1. Data Distribution

2. Correlation Heatmap

3. Scatter Plot: Predicted vs. Actual Gross Revenue (Linear Regression)

4. Feature Importance: Numeric and Categorical Features (Basic Random Forest)

5. Feature Importance and Heatmap (Optimized Random Forest)

6. Train-Test Performance Comparison

7. Accuracy Comparison: Linear Regression vs. Basic vs. Optimized Random Forest (R², MSE, MAE, RMSE)

Conclusion:

The optimized Random Forest model outperforms both the Multiple Linear Regression and Basic Random Forest models. With an R² of 0.999952, it explains nearly all variance, while the other models score 0.679788 and 0.581184, respectively. The optimized model also achieves lower MSE, MAE, and RMSE, showing that optimization significantly improves performance.


Ethical Considerations:

  • We used only publicly available, anonymized data to ensure privacy.
  • Dataset limitations and biases, such as missing release dates and Oscar nominations/awards, may impact predictions.
  • We aimed to mitigate bias by focusing on diverse variables and transparently communicating our analysis limitations.
  • An important ethical question: Could such predictions encourage studios to favor blockbuster films, sidelining smaller, more diverse projects?

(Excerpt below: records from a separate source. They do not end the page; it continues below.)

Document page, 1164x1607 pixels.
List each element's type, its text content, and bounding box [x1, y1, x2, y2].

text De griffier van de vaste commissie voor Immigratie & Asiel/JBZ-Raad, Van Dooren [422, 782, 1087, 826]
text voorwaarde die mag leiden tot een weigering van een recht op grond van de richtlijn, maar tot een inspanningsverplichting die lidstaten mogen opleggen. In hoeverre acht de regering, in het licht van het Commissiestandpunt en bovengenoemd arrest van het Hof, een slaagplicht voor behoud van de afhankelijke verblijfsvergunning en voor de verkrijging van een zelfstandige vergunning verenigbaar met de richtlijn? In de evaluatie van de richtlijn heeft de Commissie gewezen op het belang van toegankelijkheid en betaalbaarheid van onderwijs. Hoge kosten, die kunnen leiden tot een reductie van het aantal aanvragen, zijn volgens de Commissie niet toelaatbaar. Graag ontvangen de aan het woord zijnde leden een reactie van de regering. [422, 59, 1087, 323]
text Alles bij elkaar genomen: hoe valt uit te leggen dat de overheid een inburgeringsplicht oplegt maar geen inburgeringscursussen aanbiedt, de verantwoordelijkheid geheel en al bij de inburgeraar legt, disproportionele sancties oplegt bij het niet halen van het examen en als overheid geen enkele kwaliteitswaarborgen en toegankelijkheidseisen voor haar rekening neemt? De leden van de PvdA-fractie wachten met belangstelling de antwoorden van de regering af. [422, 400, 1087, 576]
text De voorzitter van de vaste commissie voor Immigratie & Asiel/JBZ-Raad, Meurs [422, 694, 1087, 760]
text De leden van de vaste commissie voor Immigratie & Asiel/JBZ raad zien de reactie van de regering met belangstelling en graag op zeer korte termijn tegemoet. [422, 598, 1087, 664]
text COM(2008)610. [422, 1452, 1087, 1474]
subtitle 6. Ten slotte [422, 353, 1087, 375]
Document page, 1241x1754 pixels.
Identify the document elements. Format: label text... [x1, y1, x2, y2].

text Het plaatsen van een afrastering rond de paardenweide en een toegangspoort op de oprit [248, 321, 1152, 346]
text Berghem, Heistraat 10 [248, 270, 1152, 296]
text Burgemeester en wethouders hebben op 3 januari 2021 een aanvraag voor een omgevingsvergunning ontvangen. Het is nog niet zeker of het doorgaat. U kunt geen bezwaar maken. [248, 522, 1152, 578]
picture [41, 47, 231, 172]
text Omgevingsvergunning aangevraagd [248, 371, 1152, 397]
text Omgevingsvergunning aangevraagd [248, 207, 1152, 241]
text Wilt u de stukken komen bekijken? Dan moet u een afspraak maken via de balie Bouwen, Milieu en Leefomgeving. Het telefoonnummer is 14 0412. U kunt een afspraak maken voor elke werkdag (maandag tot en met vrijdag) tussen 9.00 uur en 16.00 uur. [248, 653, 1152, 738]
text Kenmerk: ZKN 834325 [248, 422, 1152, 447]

Data Limitations and Recommendations:

  • Gross revenue and budget figures are not adjusted for inflation, so comparisons between movies across years may vary. Adjusting for inflation could improve historical insights.
  • Release dates are not included, limiting the ability to analyze seasonality trends or competition. Adding this data would enhance market timing analysis.
  • Information on awards for movies, actors, and directors is missing, though such achievements often impact long-term revenue and audience appeal.
  • The dataset focuses on first-week revenue, offering a glimpse into initial performance. Including long-term earnings data would provide a more comprehensive view.
  • Key variables like marketing spend, theater count, plot popularity, and audience demographics are not included, creating opportunities for improved prediction accuracy with richer data.
  • Expanding the dataset with these factors could unlock deeper insights into what drives gross revenue. With some films generating up to $500M in profit, further investment in data analytics holds great potential for the industry.

Other Details:

This project is intended for data analysts and machine learning professionals. Due to the 10-minute presentation limit, we focused on concise analysis to develop the most reliable machine learning model for forecasting gross revenue. Our visualizations center on the model’s development.


Data Source:

Kaggle


Repository Organization:

  • Main_Code_Colab: Contains the complete code for data cleaning, exploration, modeling, and visualization. This is the primary code to run.
  • Notebooks: Includes intermediate (development) code files for data cleaning, exploration, and optimization of various machine learning models.
  • Outcome_Files_DFs: Stores intermediate files like 'cleaned_data.csv' and 'model_comparison.csv'.
  • Proposal: Contains the final proposal PDF. After further analysis, we chose Random Forest over a Neural Network.
  • Visualizations: Contains plots and graphs illustrating the process of building the most reliable ML model.
  • Resources: Includes the dataset 'movie_metadata.csv'.